By "archeology" I would like to designate not exactly a discipline, but a domain of research, which would be the following: in a society, different bodies of learning, philosophical ideas, everyday opinions, but also institutions, commercial practices and police activities, mores—all refer to a certain implicit knowledge [savoir] special to this society. This knowledge is profoundly different from the bodies of learning [des connaissances] that one can find in scientific books, philosophical theories, and religious justifications, but it is what makes possible at a given moment the appearance of a theory, an opinion, a pracctice. Thus, in order for the big centers of internment to be opened at the end of the seventeenth century, it was necessary that a certain knowledge of madness be opposed to nonmadness, of order to disorder, and it’s this knowledge [savoir] that I wanted to investigate, as the condition of possibility of knowledge [connaissance], of institutions, of practices.
This style of research has for me the following interests: it allows me to avoid every problem concerning the anteriority of theory in relation to practice, and the reverse. In fact, I deal with practices, institutions and theories on the same plane and according to the same isomorphisms, and I look for the underlying knowledge [savoir] that makes them possible, the stratum of knowledge that constitutes them historically.--Michel Foucault in an interview with Raymond Bellours which appeared in Les Lettres françaises (1966) reprinted as "The Order of Things" in Michel Foucault, Aesthetics: Essential Workks 1954-84, translated by John Johnston but slightly amended by the editors of the reprint, pp. 261-262.*
In general I dislike quoting from interviews with authors commenting on their own work. But I do so here because it very nicely captures a feature of Foucault's commitments (one that does not disappear in his late lectures) that I would like to discuss. (In the interview, Foucault himself goes on to contrast what he does with what Sartre does, so I am not doing justice to his own intentions here.) This feature is known within philosophy as a kind of historicism or even organicism. By 'historicism' I mean here the idea that an age has certain fundamental characteristics in common and that these help define what we might call its unique nature.

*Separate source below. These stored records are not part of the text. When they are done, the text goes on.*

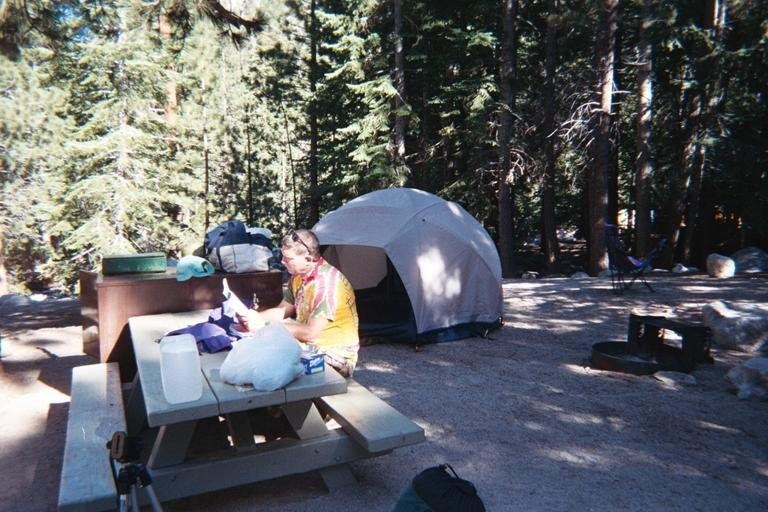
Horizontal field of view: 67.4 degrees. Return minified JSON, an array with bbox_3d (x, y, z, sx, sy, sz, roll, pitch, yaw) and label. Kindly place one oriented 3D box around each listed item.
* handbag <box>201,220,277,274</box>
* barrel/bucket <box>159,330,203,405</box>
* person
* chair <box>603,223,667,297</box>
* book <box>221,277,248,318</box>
[{"bbox_3d":[-2.129,-0.211,8.353,0.705,0.553,0.896,-6,11,-34],"label":"handbag"},{"bbox_3d":[-2.084,1.140,5.949,0.406,0.684,0.387,0,16,0],"label":"barrel/bucket"},{"bbox_3d":[-1.038,0.932,7.267,1.376,2.499,1.160,-4,13,-9],"label":"person"},{"bbox_3d":[5.597,0.030,12.670,1.266,1.613,1.516,-5,2,21],"label":"chair"},{"bbox_3d":[-1.751,0.500,6.819,0.325,0.144,0.445,45,5,40],"label":"book"}]
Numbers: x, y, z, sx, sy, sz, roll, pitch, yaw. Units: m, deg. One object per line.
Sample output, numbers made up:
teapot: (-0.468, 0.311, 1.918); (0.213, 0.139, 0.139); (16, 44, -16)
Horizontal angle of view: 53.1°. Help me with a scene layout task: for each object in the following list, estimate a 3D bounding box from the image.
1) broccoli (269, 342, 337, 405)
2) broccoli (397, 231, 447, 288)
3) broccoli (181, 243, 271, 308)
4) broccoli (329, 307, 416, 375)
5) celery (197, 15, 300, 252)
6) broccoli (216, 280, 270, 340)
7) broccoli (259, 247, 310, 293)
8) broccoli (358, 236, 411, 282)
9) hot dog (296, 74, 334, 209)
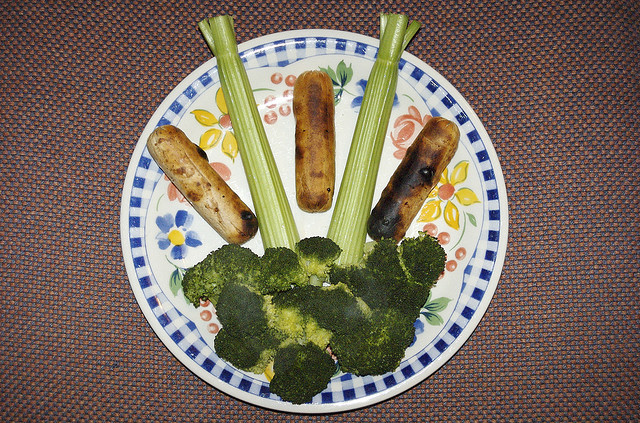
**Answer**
broccoli: (-0.111, 0.892, 3.593); (0.329, 0.160, 0.363); (34, 88, 1)
broccoli: (0.562, 0.262, 3.515); (0.235, 0.111, 0.285); (-32, 87, 2)
broccoli: (-0.505, 0.303, 3.660); (0.403, 0.343, 0.375); (2, 26, 32)
broccoli: (0.304, 0.732, 3.543); (0.421, 0.266, 0.374); (-3, 113, -1)
celery: (-0.412, -0.453, 3.761); (0.198, 0.039, 1.429); (-16, 88, -1)
broccoli: (-0.428, 0.540, 3.514); (0.252, 0.072, 0.324); (-4, 89, 4)
broccoli: (-0.204, 0.324, 3.604); (0.223, 0.084, 0.248); (37, 75, 6)
broccoli: (0.366, 0.250, 3.572); (0.249, 0.091, 0.225); (3, 70, 5)
hot dog: (-0.031, -0.396, 3.683); (0.188, 0.224, 0.799); (0, 89, -1)

Now in the passage, Foucault relies on a distinction that in English turn out to track two kinds of knowledge, but for my present purposes I am going to leave aside possible confusion(s) about this. For I am only interested in his account of savoir, which is the common, condition of possibility that makes possible "practices, institutions and theories" (etc.) of a particular age. This is the deep structure, one might say, that makes a particular kind of (as my former teacher, Jody Azzouni explores in his work) semantic perception possible. That is, under savoir just fall the material and formal (etc.) conditions that make, say, certain practices and theories (etc.) intelligible as possible explanations, possible causes, etc.

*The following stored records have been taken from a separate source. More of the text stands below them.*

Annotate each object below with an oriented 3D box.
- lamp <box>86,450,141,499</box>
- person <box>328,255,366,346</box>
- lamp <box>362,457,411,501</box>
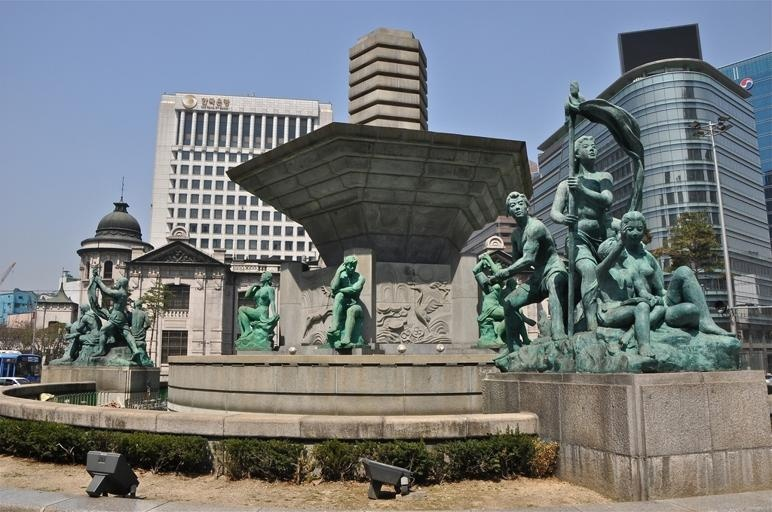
[{"bbox_3d":[-4.988,3.970,12.402,0.790,0.848,0.882,-2,-11,22],"label":"lamp"},{"bbox_3d":[-1.160,1.378,19.695,1.044,2.530,1.266,-2,13,-1],"label":"person"},{"bbox_3d":[0.001,4.096,12.514,0.874,0.546,0.649,2,-15,-5],"label":"lamp"}]
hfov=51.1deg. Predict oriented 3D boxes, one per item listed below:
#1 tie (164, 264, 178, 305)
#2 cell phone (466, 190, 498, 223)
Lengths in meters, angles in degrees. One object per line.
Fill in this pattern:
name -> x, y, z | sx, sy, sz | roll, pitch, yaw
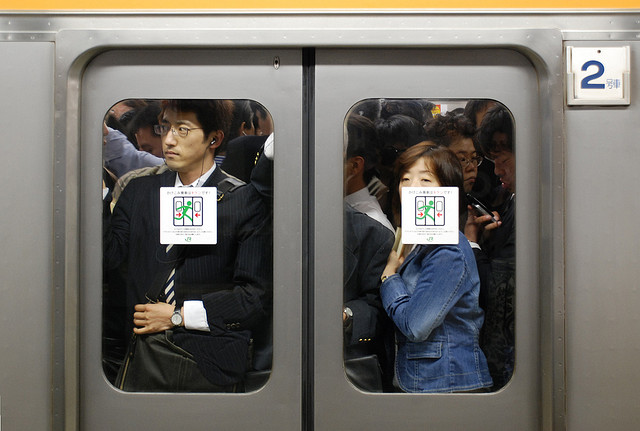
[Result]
tie -> -0.673, 0.327, 3.039 | 0.039, 0.142, 0.096 | 2, -4, 1
cell phone -> 0.731, -0.045, 3.036 | 0.143, 0.032, 0.052 | 46, 11, -5
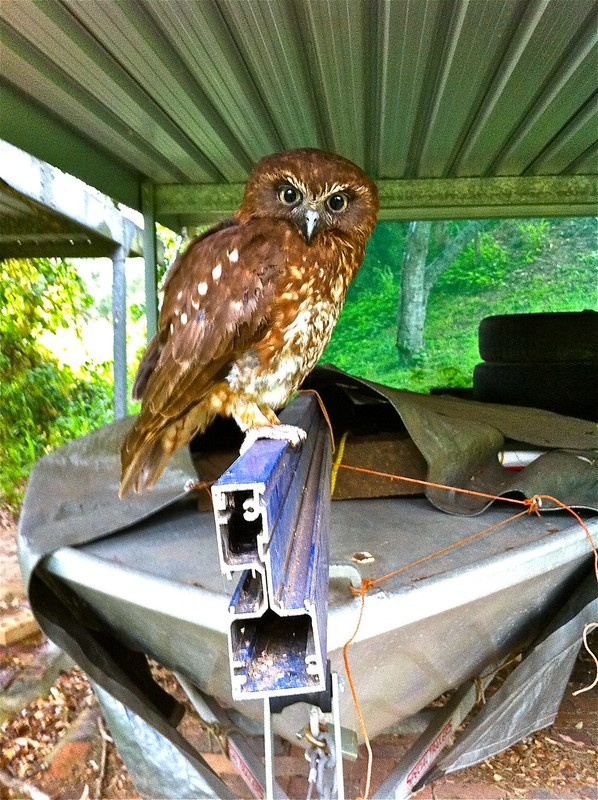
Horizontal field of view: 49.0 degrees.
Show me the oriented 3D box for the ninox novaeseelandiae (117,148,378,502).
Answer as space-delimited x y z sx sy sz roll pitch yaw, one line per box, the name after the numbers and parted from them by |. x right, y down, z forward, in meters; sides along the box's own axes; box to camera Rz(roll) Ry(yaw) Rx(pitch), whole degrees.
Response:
-0.149 -0.266 2.025 0.738 1.058 0.562 1 5 5 | ninox novaeseelandiae
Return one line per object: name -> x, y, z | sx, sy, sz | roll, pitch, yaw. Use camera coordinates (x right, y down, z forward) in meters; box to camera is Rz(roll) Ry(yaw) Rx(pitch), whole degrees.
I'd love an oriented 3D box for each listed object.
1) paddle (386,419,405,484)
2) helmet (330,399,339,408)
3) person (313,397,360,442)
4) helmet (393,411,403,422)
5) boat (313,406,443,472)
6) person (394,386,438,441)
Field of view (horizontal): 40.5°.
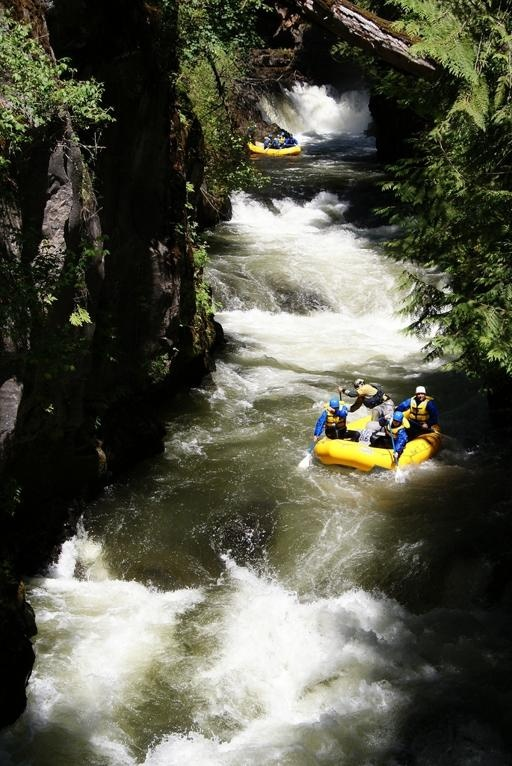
paddle -> 2.276, 1.001, 11.086 | 0.265, 0.276, 0.963 | 11, 50, 1
helmet -> 1.307, 0.326, 11.529 | 0.120, 0.123, 0.141 | 2, 32, -3
person -> 1.351, 0.629, 11.803 | 0.788, 0.718, 1.279 | 1, -10, 14
helmet -> 2.321, 0.547, 11.337 | 0.137, 0.141, 0.185 | 22, 17, 14
boat -> 2.076, 1.129, 11.353 | 2.090, 0.438, 0.861 | -4, 17, -14
person -> 2.770, 0.460, 11.862 | 0.713, 0.850, 0.725 | 21, 33, 36
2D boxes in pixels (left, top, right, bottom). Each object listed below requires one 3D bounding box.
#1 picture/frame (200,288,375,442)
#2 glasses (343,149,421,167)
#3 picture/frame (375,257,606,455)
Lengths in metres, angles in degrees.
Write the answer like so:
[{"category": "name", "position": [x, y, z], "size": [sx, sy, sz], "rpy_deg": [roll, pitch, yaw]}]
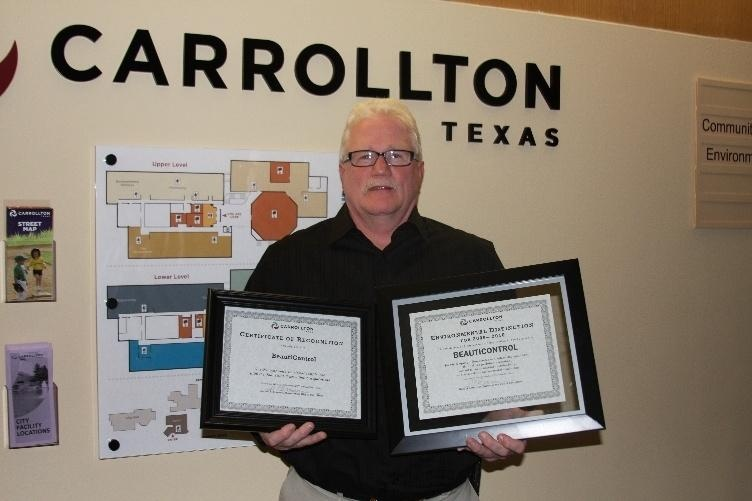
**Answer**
[{"category": "picture/frame", "position": [-0.320, 0.429, 2.706], "size": [0.424, 0.446, 0.038], "rpy_deg": [5, -6, -10]}, {"category": "glasses", "position": [0.016, -0.357, 2.892], "size": [0.281, 0.069, 0.049], "rpy_deg": [-2, -4, 3]}, {"category": "picture/frame", "position": [0.390, 0.390, 2.735], "size": [0.585, 0.632, 0.052], "rpy_deg": [-11, -6, 2]}]
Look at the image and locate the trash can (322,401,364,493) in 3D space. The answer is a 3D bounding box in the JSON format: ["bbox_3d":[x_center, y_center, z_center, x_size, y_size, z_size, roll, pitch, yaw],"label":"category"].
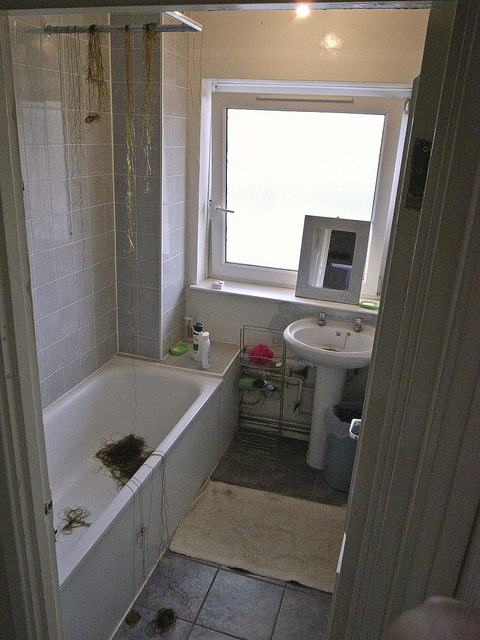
[{"bbox_3d":[0.588,0.736,2.897,0.222,0.461,0.358,10,19,16],"label":"trash can"}]

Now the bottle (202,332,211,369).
[{"bbox_3d":[-0.205,0.194,2.890,0.057,0.316,0.071,-2,23,-6],"label":"bottle"}]

To be sure, if one is in a grip of certain kind of monisms -- that truth just is what Tarski called the 'classical conception' or that causation just is counterfactual dependence (etc.) -- the previous paragraph is a certain kind of relativistic gibberish to you. That's fine. I am not interested here in defending relativism. I would deny that it is gibberish or unintelligible. But if you can't get your head around it, that's fine, too.
Now, Foucault's Les mots et les choses: Une archéologie des sciences humaines (1966), translated as The Order of Things: An Archaeology of the Human Sciences, is an exploration of the relationship between the two kinds of knowledge in a particular age (which can last for a couple of centuries), as well as the transformation of this relationship from one age to the next, as well as the different contents of both kinds of knowledge in different ages, especially as manifested in different number of what one might call 'human sciences.' One of the effects of this study is that one becomes aware that what counts as a 'science' is itself, in part, structured by or the effect of the underlying stratum. (Again, if one is in the grip of a particular kind of monism then, of course, the idea that different sciences can differ in fundamental character may well be a bit weird.) I like Foucault's approach because it makes visible the fondness accross an age's sciences for say, fixed point theorems, or equilibrium models (etc.) that generate a certain family resemblance among domains of (say) expertise.
My interest here is not in the methodological question of how one can make visibe something implicit that is in a way, simultaneously, an absence from the material one studies. In the qouted passage, Foucault himself hints at one of his techniques; he looks for the effects of certain fundamental contrarieties (in his corpus) and explores how these have certain epistemological, pragmatic, or even generative features that these contrarieties have in common. Unlike the Straussian, for whom the tacit is the true message, for Foucault the tacit is the source of a kind of social unity (to be explained below).
As an aside, it is worth noting, and perhaps this is illuminating to some degree (if not skip this paragraph), that the underlying structure, which one may well think of as a kind of relativized a priori, has certain features in common with the place of a ding-an-sich in Kant's critical philosophy or natura naturans in Spinoza's. That is, in the substratum contrarieties co-exist and rather than being a source of falsity or nonsense, they are productive in the domains that are conceptualized from or built on them. As I said, if this paragraph is mysterious, please skip it.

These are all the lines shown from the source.